Validation can throw specific errors in terms of e.g. the nth code unit in the input.

I believe this would also be more appropriate for this kind of use than trying to create a String, especially if the input is incomplete or very large.

Relatedly, there's also the decodeCString static functions which give you more precise info:

@inlinable public static func decodeCString<Encoding: _UnicodeEncoding>(
  _ cString: UnsafePointer<Encoding.CodeUnit>?,
  as encoding: Encoding.Type, 
  repairingInvalidCodeUnits isRepairing: Bool = true
) -> (result: String, repairsMade: Bool)? 

@inlinable public static func decodeCString<Encoding: _UnicodeEncoding>(
  _ cString: [Encoding.CodeUnit],
  as encoding: Encoding.Type,
  repairingInvalidCodeUnits isRepairing: Bool = true
) -> (result: String, repairsMade: Bool)? where Encoding : _UnicodeEncoding

It's possible we could in the future have something like a static func decodeBytes(_: some BufferViewable) throws -> String which gives you much more error information as well as creating the String.

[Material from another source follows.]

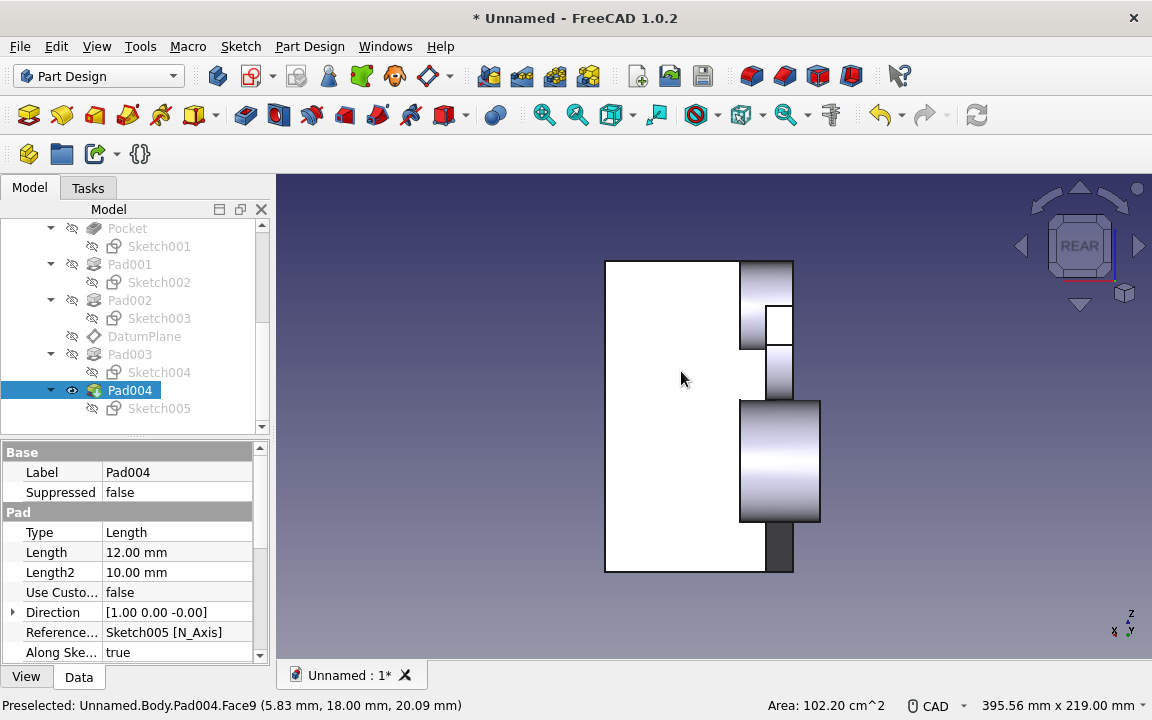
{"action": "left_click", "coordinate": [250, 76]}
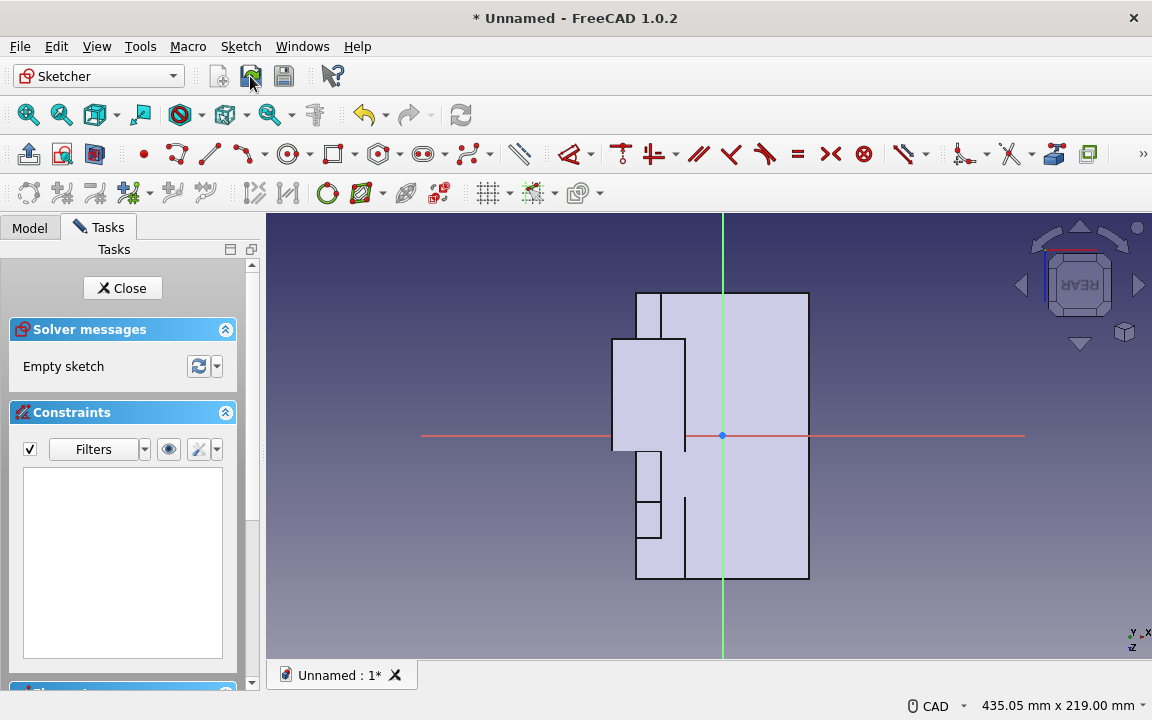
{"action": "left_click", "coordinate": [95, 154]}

glessard · July 19, 2023, 2:14pm

Karl:

We would change the second argument to be an instance of Encoding rather than a type:
extension String {
  public init?<Encoding: Unicode.Encoding>(
  	validating codeUnits: some Sequence<Encoding.CodeUnit>,
    as: Encoding // 👈 instance, not a type
  )
}
This would allow the use of static member syntax.

Where are these static members defined, and how does auto-complete find them?